Tributaires de la crise économique mondiale, les dynamiques immobilières se ralentissent. Selon Michel De Beule, qui présentait le numéro spécial de l’Observatoire des bureaux, « Il semble que la crise actuelle des bureaux ait une nature plus structurelle, la tertiarisation de l’économie aurait atteint un seuil, et qu’il faille s’attendre, à l’instar des délocalisations industrielles, à des délocalisations du tertiaire d’exécution. Par ailleurs, les modes d’organisation du travail amènent aujourd’hui une forte diminution de la surface moyenne occupée par emploi ».

Quel avenir pour les bureaux vacants ?

La résorption des surfaces excédentaires est une priorité par rapport à la production de biens neufs.
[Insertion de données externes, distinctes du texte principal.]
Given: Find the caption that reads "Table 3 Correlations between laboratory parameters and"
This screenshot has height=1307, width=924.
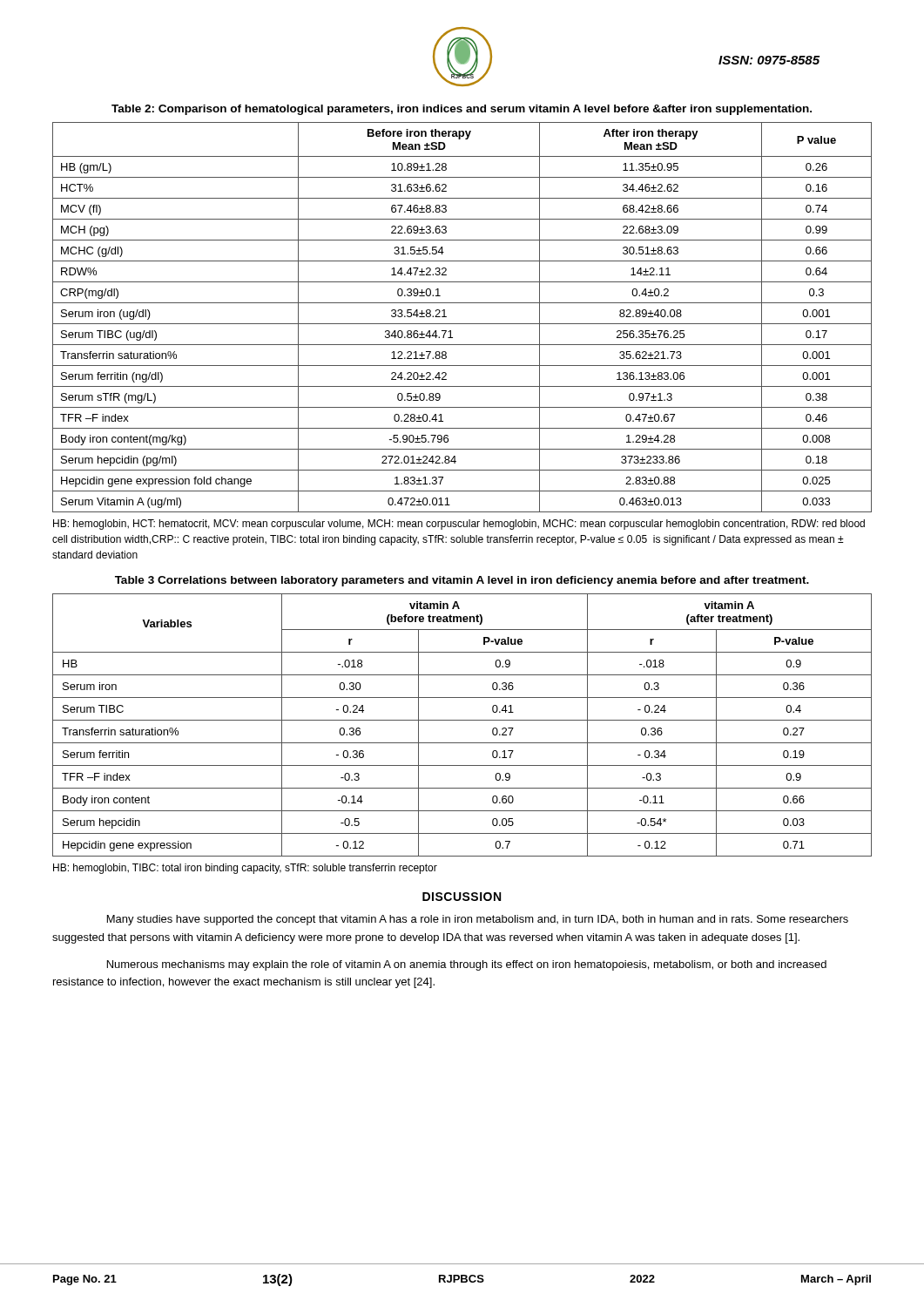Looking at the screenshot, I should click(462, 580).
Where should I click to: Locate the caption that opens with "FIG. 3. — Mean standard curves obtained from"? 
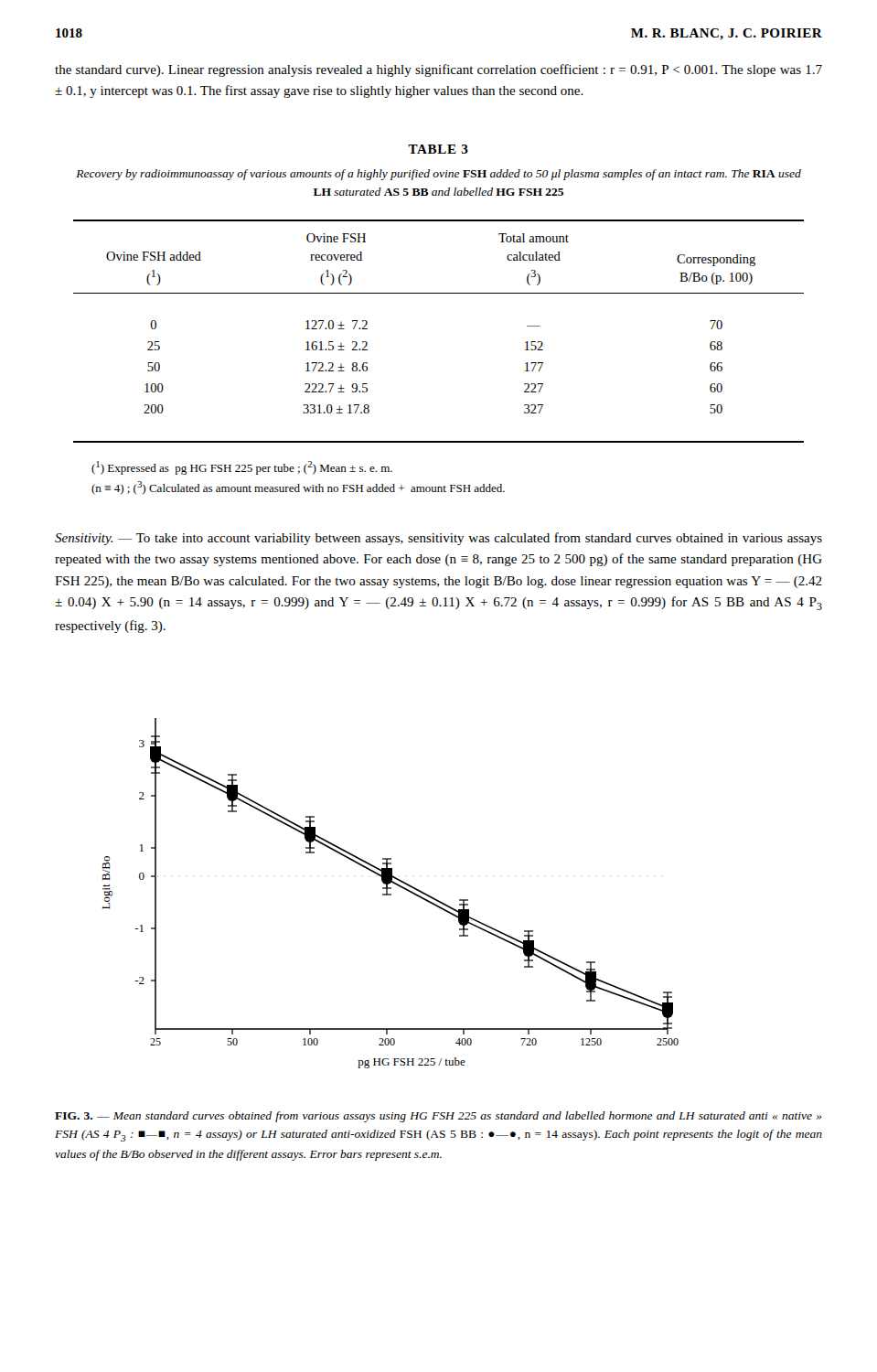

Après la fuite en avant des années de prospérité, le secteur immobilier doit mieux anticiper la demande pour arrêter la suroffre qui aliment la vacance. L’Observatoire des bureaux a déjà pour fonction d’annoncer les surfaces qui sortiront du pipe line du marché après l’octroi d’un permis d’urbanisme. Par sa nouvelle mission, l’Observatoire des bureaux récolte dans le domaine de la vacance des statistiques sur les surfaces prises en occupation et la demande nette. Il sera à même d’observer les tendances sur des périodes longues et de prévoir l’évolution de la demande.

La transformation des pratiques en usage dans le milieu immobilier est nécessaire car le coût d’une approche spéculative est très lourd pour le tissu urbain. Et tout particulièrement, les achats pour investissement sans destinataire précis sont des réalisations à hauts risques. La parade consisterait à valoriser la construction sur mesure et pour des occupants formellement identifiés.

Il conviendrait aussi de résister aux effets de mode et de pratiquer la construction durable au sens premier du terme : c’est-à-dire construire des édifices dont la qualité, la solidité et les équipements permettent de multiplier par 3 la durée de vie des constructions actuelles (20 ans). Enfin, pour réguler l’offre de bureaux et canaliser la demande, il existe des instruments réglementaires (ZIR et zones leviers) qui déterminent des zones d’occupation prioritaires. On compte sur le 3e PRD pour leur mise en œuvre car seul le développement motivé de ces zones permettra d’éviter la dispersion des bureaux dans d’autres quartiers.


[1Observatoire des bureaux et de la vacance, n°23, 2009, p.24.

[2Numéro spécial de l’Observatoire des bureaux, Bruxelles, ses bureaux, ses employés, p.124.

[3Ibidem, p.123.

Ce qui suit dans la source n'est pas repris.